Вместе с возмущением им овладел испуг.
— Вера жалобу на тебя подала.
— Дочь? На отца?
Никон вскочил:
— Родная дочь!., на меня!., в милицию!.. Ведь я ради нее же… От дурного остеречь.
— Гляди, до суда не дошло бы, — робко высказала Татьяна страшившие ее мысли. — Сраму то, сраму!..
— Ой! — вырвалось из груди Никона со стоном. — Уважила дочь.
Вдруг он утих и заплакал. Слезы текли по щекам, и он не утирал их, давая им волю. Такой обиды Никон еще не знал и почувствовал себя слабым, беззащитным.
— Я вот в Белоглазове побывал… По своим старым следам прошел… Всю жизнь прежнюю увидел… Сердце так и закровоточило от тоски-кручины.
— Поди, лучше показалась, чем была? — спросила Татьяна, и в голосе ее он уловил насмешку, но не рассердился, а пожаловался:
— Лучше ли, хуже ли, а была моя жизнь, моя. У-у, бесчутая, не понимаешь. Никто не понимает, и некому печаль мою выплакать.
И надолго замолчал.
— Сходил бы к Вере, поговорил бы, может, забрала бы жалобу обратно, — сказала Татьяна осторожным голосом. — Она у подруги, у Вали пока жить будет.
— Ты в своем уме?! — вскричал Никон. — Я пойду на поклон к Верке? Может, ишшо на коленях? А? Да я ее!..

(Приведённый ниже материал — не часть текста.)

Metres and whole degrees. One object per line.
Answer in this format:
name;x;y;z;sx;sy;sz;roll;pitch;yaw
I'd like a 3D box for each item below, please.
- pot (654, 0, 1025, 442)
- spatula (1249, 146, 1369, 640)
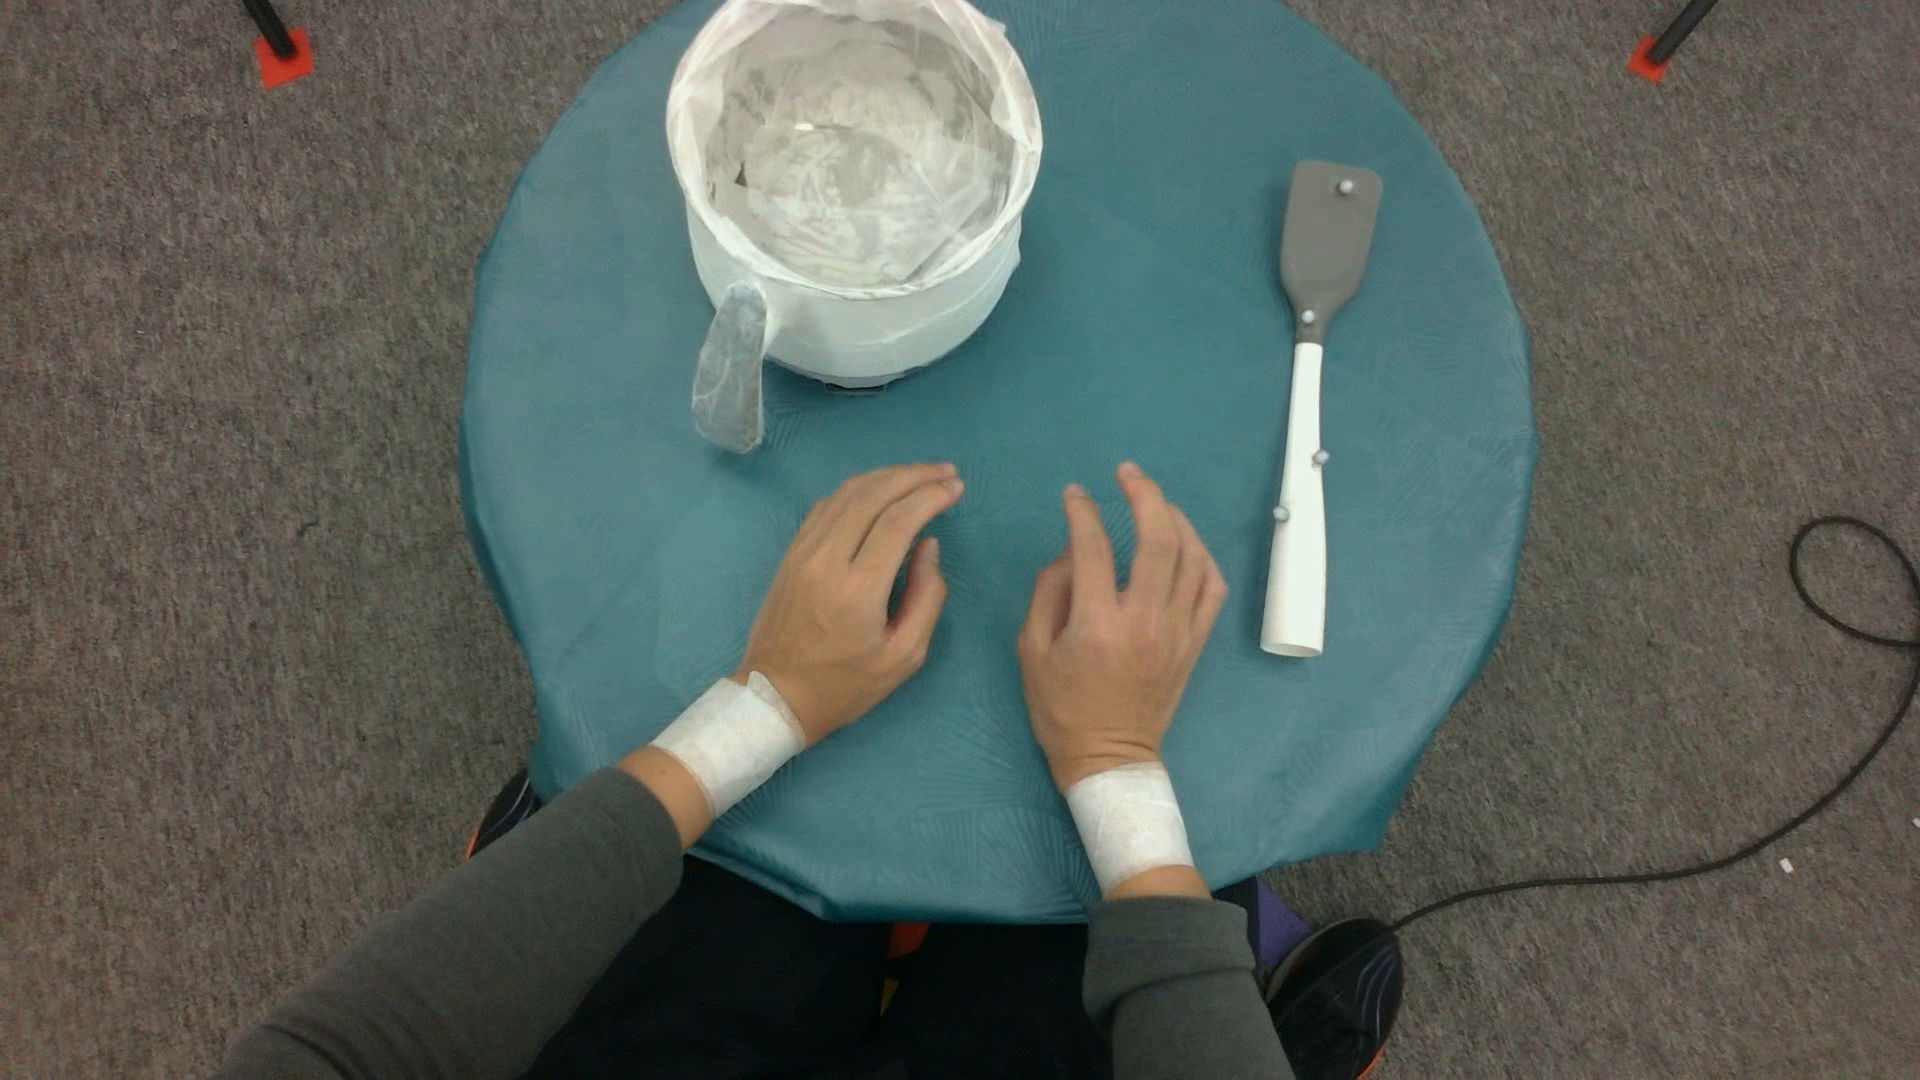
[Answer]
pot;-0.074;-0.163;0.709;0.179;0.136;0.234;28;74;2
spatula;0.189;-0.087;0.769;0.058;0.032;0.288;9;75;0

Никон пошатнулся, вскинул сжатую в кулак руку, хотел что-то сказать еще и рухнул на пол…
Когда он пришел в себя, то понял, что с ним был обморок и что он лежит на диване, а около него сидит человек в белом халате и говорит Татьяне:
— Покой. Лежать. Завтра я приду. Вот рецепты на лекарства.
Ум Никона был ясен, и ему не хотелось верить, что он терял сознание.
— Доктор, что со мной?
— Сердце. Может быть, переволновались, может, перетрудились. Возраст-то… Надо полежать, попринимать лекарство.